With images removed, transcribe each record exactly as it appears.

:: GIVEN DATA ::

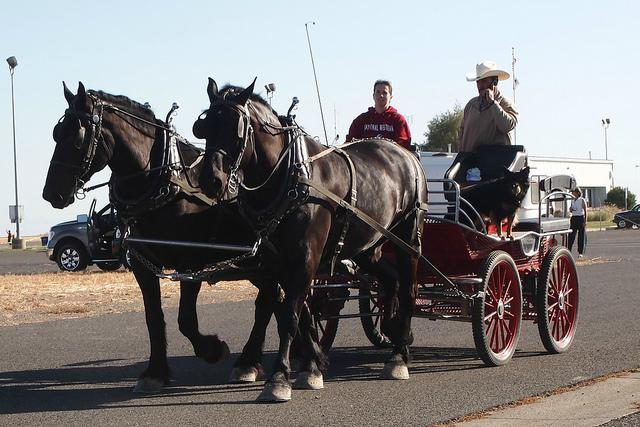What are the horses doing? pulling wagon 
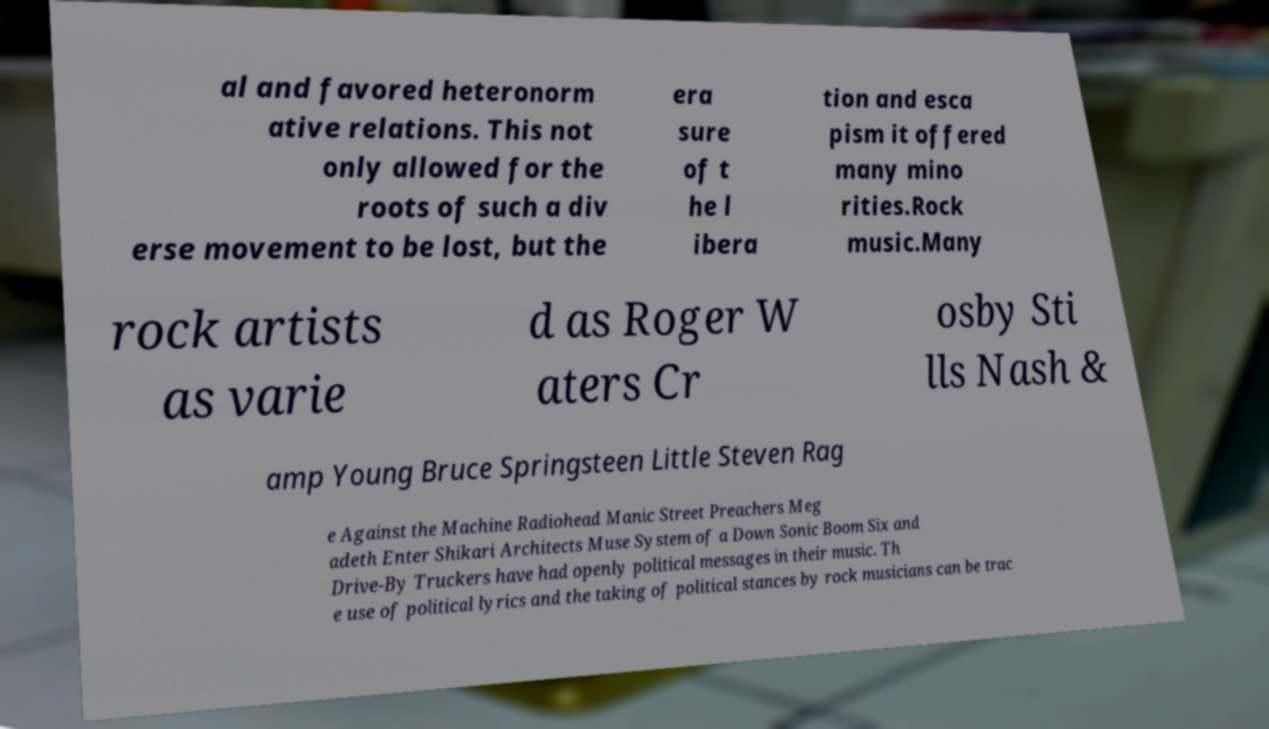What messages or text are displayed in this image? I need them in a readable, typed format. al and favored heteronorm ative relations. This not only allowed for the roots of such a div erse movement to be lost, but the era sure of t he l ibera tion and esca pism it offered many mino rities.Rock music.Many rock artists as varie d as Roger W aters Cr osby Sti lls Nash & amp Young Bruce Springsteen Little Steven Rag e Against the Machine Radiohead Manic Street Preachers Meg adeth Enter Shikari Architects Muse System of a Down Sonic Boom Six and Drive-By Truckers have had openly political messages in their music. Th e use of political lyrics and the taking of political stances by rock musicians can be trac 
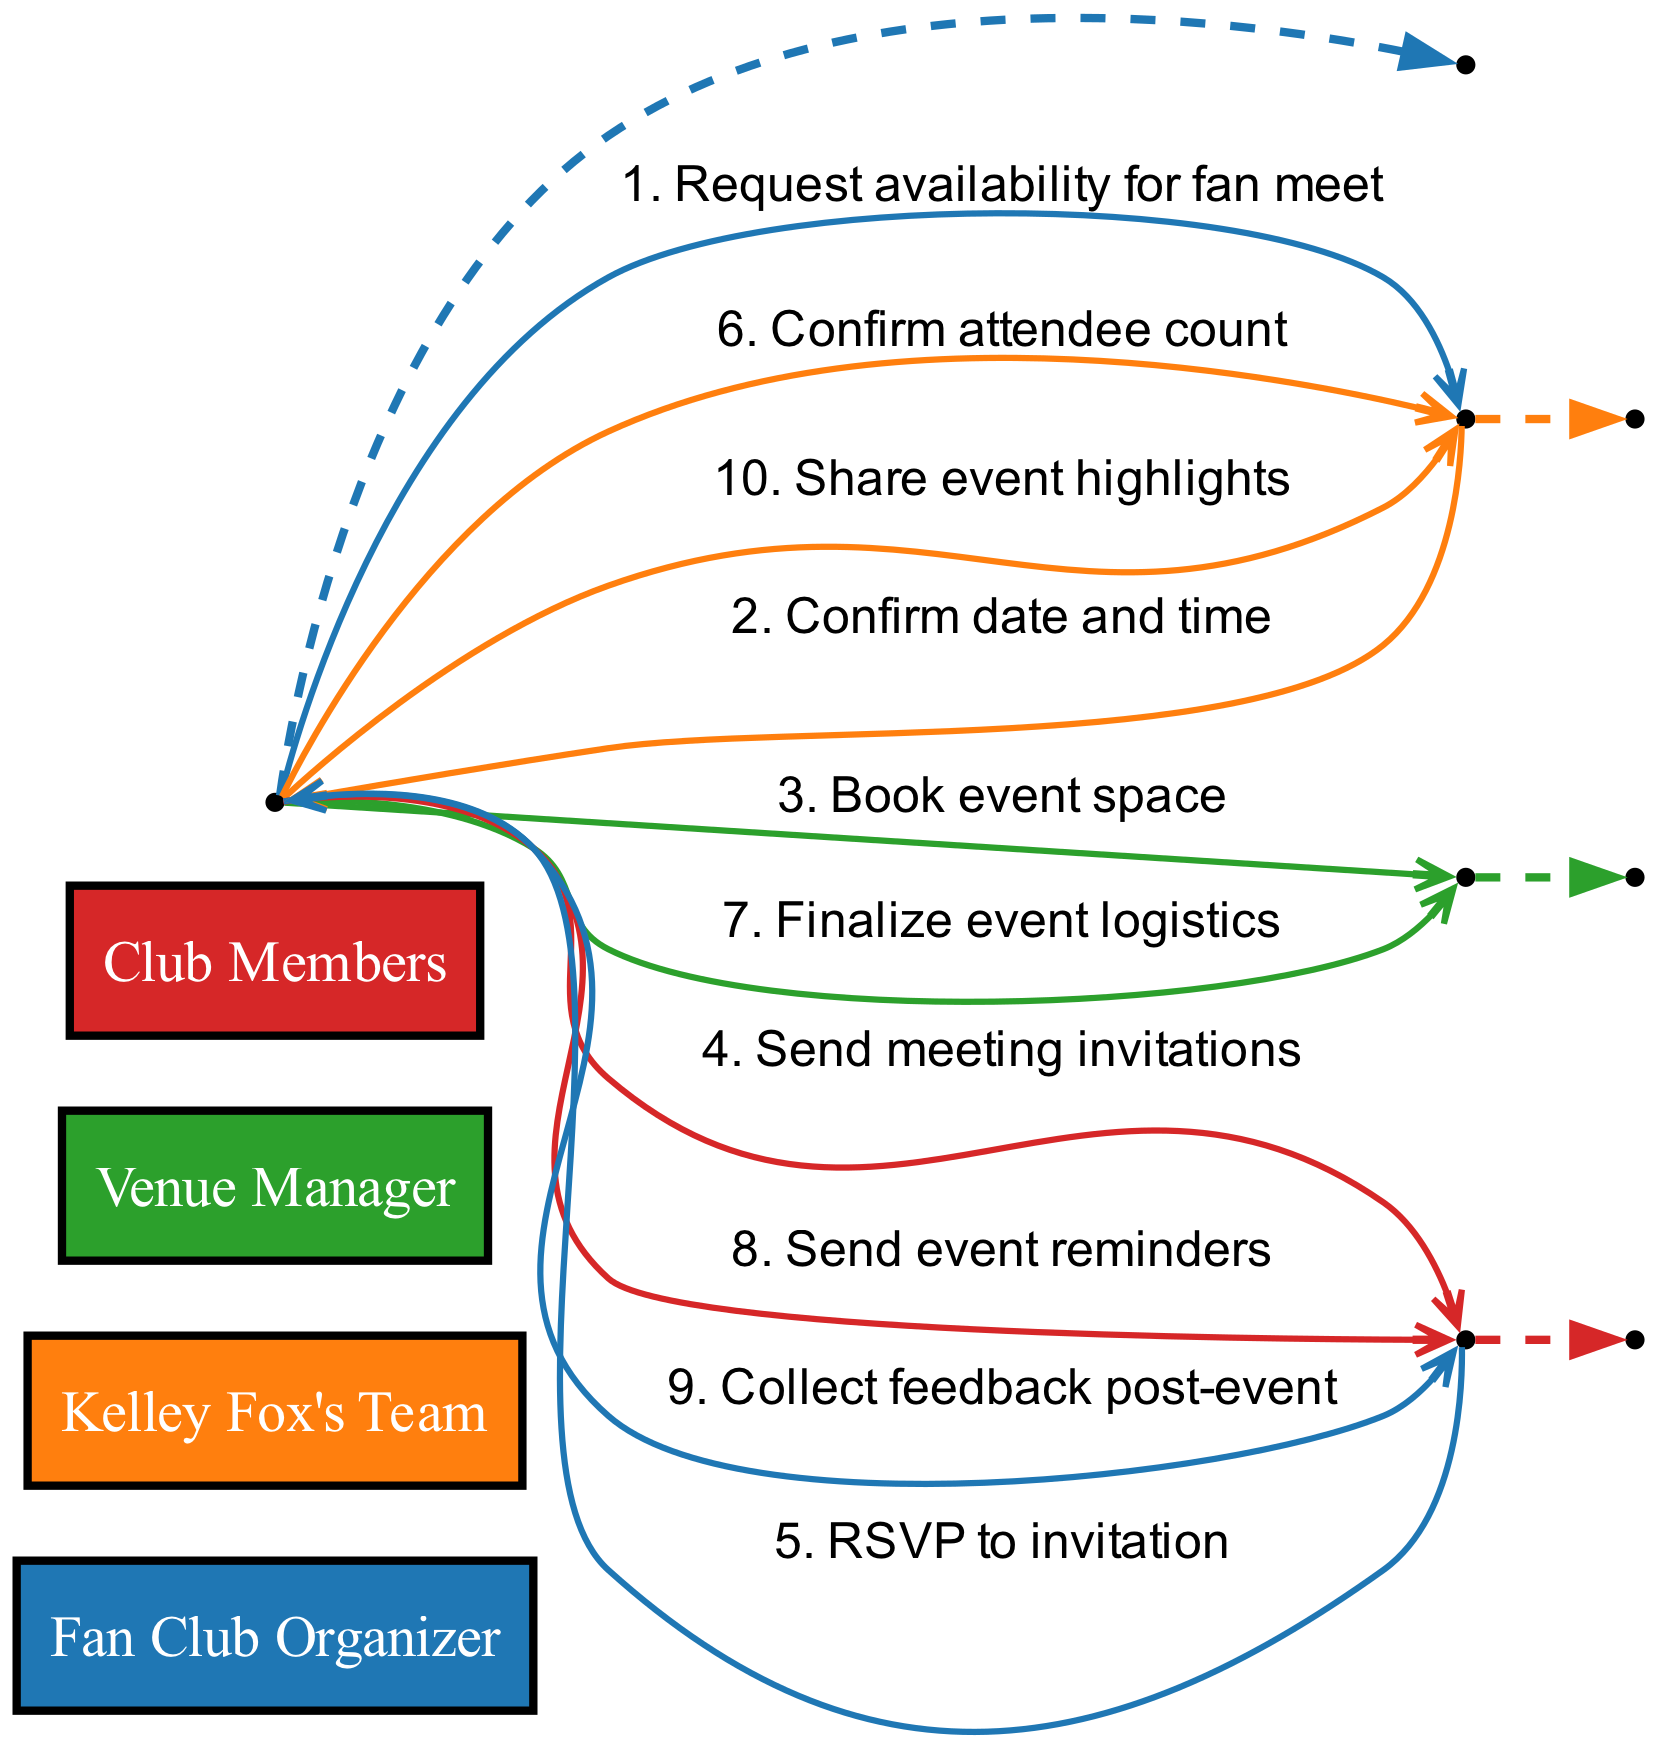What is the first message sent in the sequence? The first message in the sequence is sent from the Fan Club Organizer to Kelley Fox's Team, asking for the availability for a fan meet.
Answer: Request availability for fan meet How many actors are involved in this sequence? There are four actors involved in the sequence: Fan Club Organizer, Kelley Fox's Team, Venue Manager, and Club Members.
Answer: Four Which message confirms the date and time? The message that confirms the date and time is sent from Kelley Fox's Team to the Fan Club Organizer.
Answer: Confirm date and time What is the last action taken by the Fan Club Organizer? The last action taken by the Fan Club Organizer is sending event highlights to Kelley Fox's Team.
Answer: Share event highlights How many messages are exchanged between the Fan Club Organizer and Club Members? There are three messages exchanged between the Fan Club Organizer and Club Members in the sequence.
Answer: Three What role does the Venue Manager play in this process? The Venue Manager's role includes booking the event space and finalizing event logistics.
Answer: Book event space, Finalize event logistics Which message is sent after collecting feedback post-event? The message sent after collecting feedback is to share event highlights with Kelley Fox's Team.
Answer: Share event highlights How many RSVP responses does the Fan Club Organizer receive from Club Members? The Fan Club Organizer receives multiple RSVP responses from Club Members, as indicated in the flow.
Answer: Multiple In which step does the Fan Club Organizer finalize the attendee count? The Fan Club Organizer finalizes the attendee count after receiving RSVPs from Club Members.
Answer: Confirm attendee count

:::

● YOUR SOLUTION:
What are the horses doing? pulling wagon 
What messages or text are displayed in this image? I need them in a readable, typed format. al and favored heteronorm ative relations. This not only allowed for the roots of such a div erse movement to be lost, but the era sure of t he l ibera tion and esca pism it offered many mino rities.Rock music.Many rock artists as varie d as Roger W aters Cr osby Sti lls Nash & amp Young Bruce Springsteen Little Steven Rag e Against the Machine Radiohead Manic Street Preachers Meg adeth Enter Shikari Architects Muse System of a Down Sonic Boom Six and Drive-By Truckers have had openly political messages in their music. Th e use of political lyrics and the taking of political stances by rock musicians can be trac 
What is the first message sent in the sequence? The first message in the sequence is sent from the Fan Club Organizer to Kelley Fox's Team, asking for the availability for a fan meet.
Answer: Request availability for fan meet How many actors are involved in this sequence? There are four actors involved in the sequence: Fan Club Organizer, Kelley Fox's Team, Venue Manager, and Club Members.
Answer: Four Which message confirms the date and time? The message that confirms the date and time is sent from Kelley Fox's Team to the Fan Club Organizer.
Answer: Confirm date and time What is the last action taken by the Fan Club Organizer? The last action taken by the Fan Club Organizer is sending event highlights to Kelley Fox's Team.
Answer: Share event highlights How many messages are exchanged between the Fan Club Organizer and Club Members? There are three messages exchanged between the Fan Club Organizer and Club Members in the sequence.
Answer: Three What role does the Venue Manager play in this process? The Venue Manager's role includes booking the event space and finalizing event logistics.
Answer: Book event space, Finalize event logistics Which message is sent after collecting feedback post-event? The message sent after collecting feedback is to share event highlights with Kelley Fox's Team.
Answer: Share event highlights How many RSVP responses does the Fan Club Organizer receive from Club Members? The Fan Club Organizer receives multiple RSVP responses from Club Members, as indicated in the flow.
Answer: Multiple In which step does the Fan Club Organizer finalize the attendee count? The Fan Club Organizer finalizes the attendee count after receiving RSVPs from Club Members.
Answer: Confirm attendee count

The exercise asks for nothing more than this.